Pura Tirta Empul
INDONESIA | Thursday, 21 May 2015 | Views [170] | Scholarship Entry
I went to Surabaya to attended some really tense business meetings. I was supposed to go, spend 3 days there and come back to Brazil. But definitely I was not traveling 35 hours just to know a boring hotel room and some gray industrial installations which looked exactly the same as the one I worked at… So I anticipated my vacation and headed to Bali. Anyway, I DID travel 35 hours to get to Indonesia and, after all the travelling (plus the jet lag and the 72 hours of crazy working) I arrived in Bali in a very pitiful shape. In an attempt to put my pieces together, I spent my first 2 days relaxing: I got some pacific errands, went to some local temples (at Monkey Forest I felt like Mowgli amongst the Bandar-Log!), eat good food, had a massage… And, even so, after 2 days in paradise, I was not completely fine yet.
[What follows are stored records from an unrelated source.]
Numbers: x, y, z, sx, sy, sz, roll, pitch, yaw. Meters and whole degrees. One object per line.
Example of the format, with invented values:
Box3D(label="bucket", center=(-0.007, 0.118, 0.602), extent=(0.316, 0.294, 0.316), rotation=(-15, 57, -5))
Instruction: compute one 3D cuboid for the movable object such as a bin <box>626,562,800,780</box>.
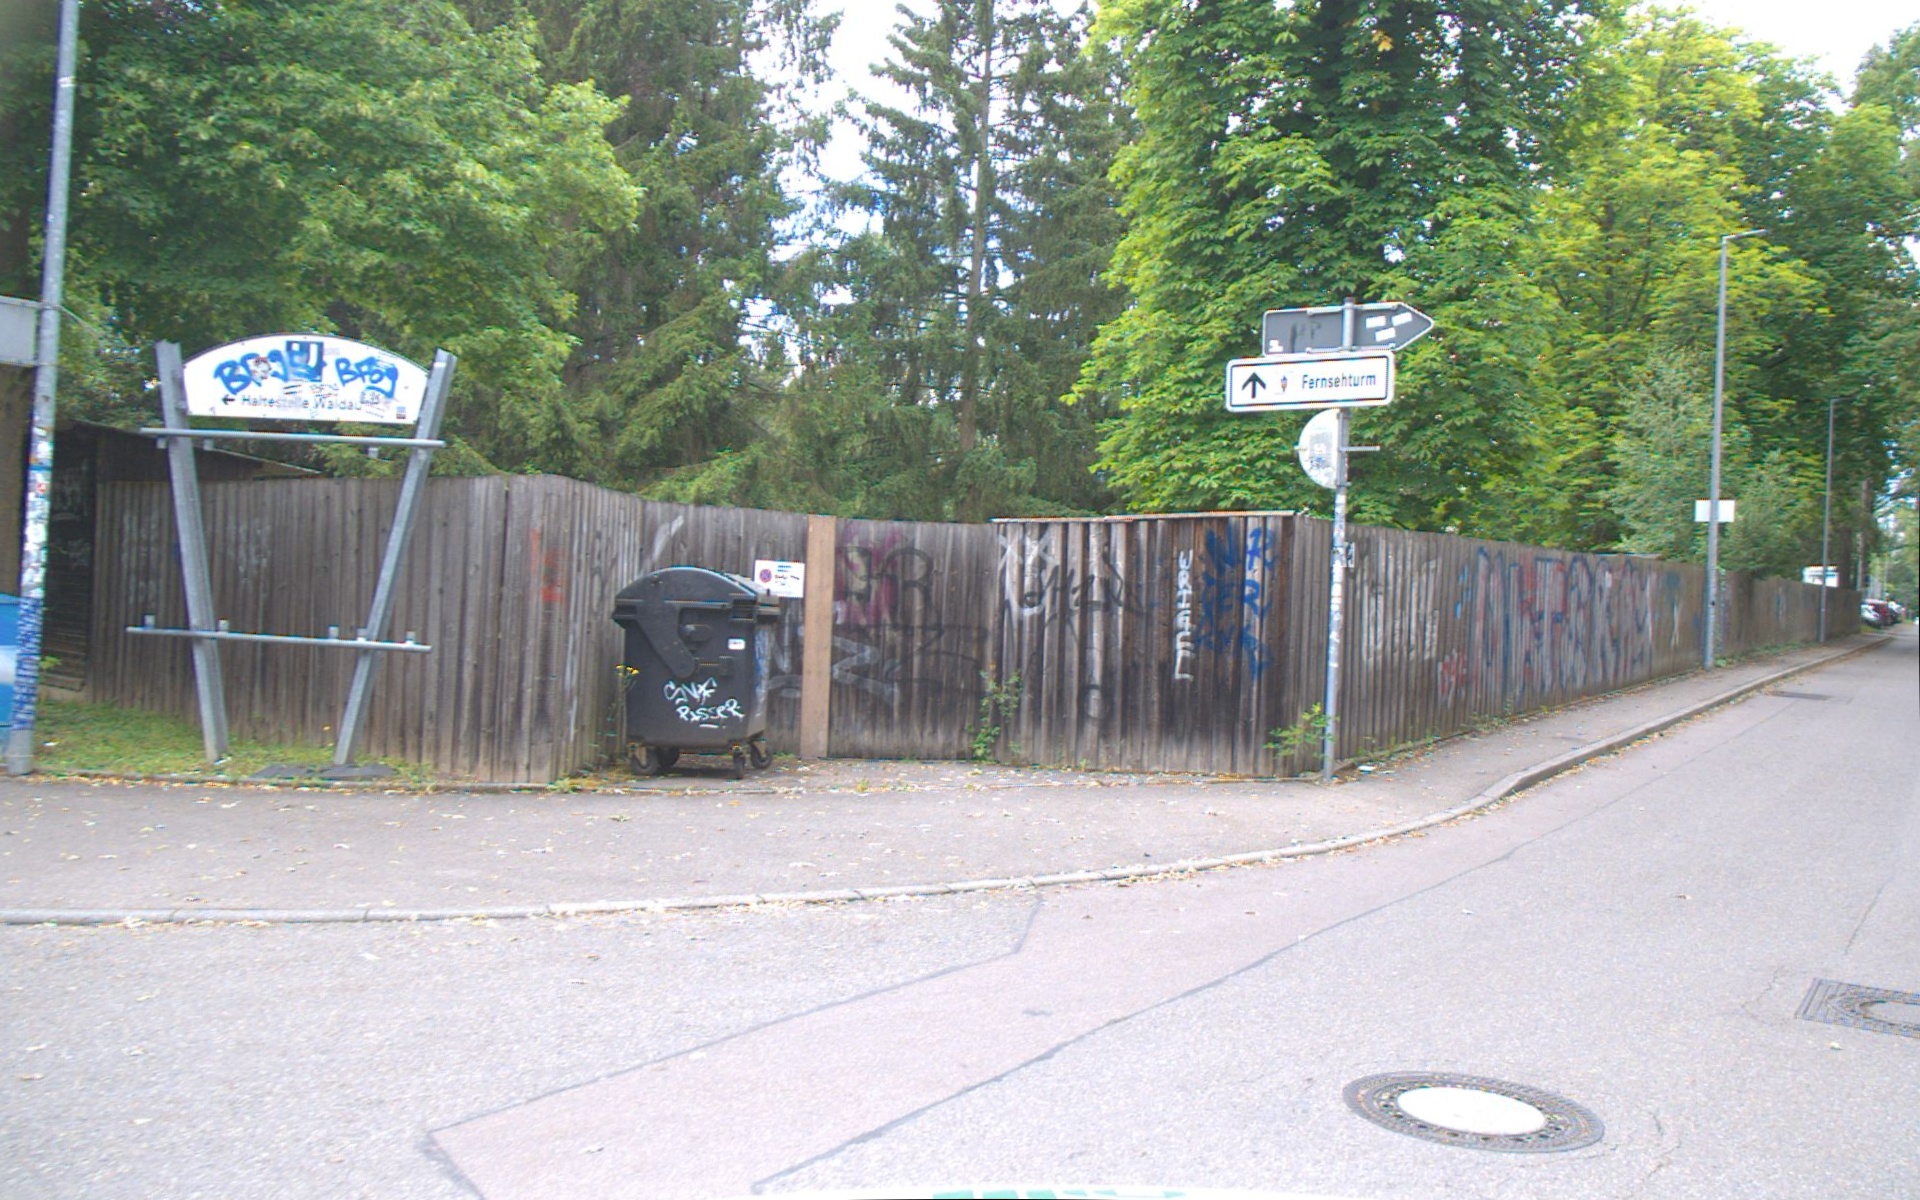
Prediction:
Box3D(label="movable object such as a bin", center=(-1.758, 0.490, 12.006), extent=(1.053, 1.468, 1.285), rotation=(1, 0, -1))

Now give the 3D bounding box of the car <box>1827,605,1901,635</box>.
Box3D(label="car", center=(55.401, 1.197, 101.428), extent=(3.912, 1.601, 1.997), rotation=(3, 1, 29))

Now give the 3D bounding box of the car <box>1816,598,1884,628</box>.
Box3D(label="car", center=(59.596, 0.879, 110.741), extent=(3.912, 1.780, 1.997), rotation=(3, 1, 29))

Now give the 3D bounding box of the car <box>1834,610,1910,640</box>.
Box3D(label="car", center=(54.645, 1.497, 99.139), extent=(3.912, 1.601, 1.997), rotation=(3, 1, 29))

And it was somehow evident: one night, I sat at the terrace of the homestay I stayed and my host suddenly said: “You NEED to go to Pura Tirta Empul. I’ll drive you there”. I knew nothing about the temple, but I was attracted by the main pool as soon as I crossed the first wonderful split gate. It was packed with Indonesian and tourists. The weather was a little cold (as much as it can be). I was alone and had nobody to watch my belongs, including my expensive semi-professional camera. And I had no clothes to change. But I knew I should bath. And then I heard somebody saying you should wash yourself and pray under each one of the 12 fountains to be… healed. And healing was a good definition of what I need then – even before my travel to Indonesia. So I dive in the waters and let it wash the bad stuff from me. At the end of the day, I was feeling so good that it was almost impossible to not believe the waters are really curative. But Tirta Empul had a surprise to me! I was so hypnotized by the waters that I had not taken any picture from the temple before bathing. So I take my camera and… I was chocked to discover its photometer – broken for more than one year, then – was also working again. Like myself. This story is what makes Tirta Empul a travel treasure to me: it is about the mark it left in me. I always though I would be spotting a potential history when I looked though the lenses of my camera. But know, when I see the photometer working, it is like I’m looking also to all the histories which I already lived and told. And it gives me fuel to travel again and live to produce more stories.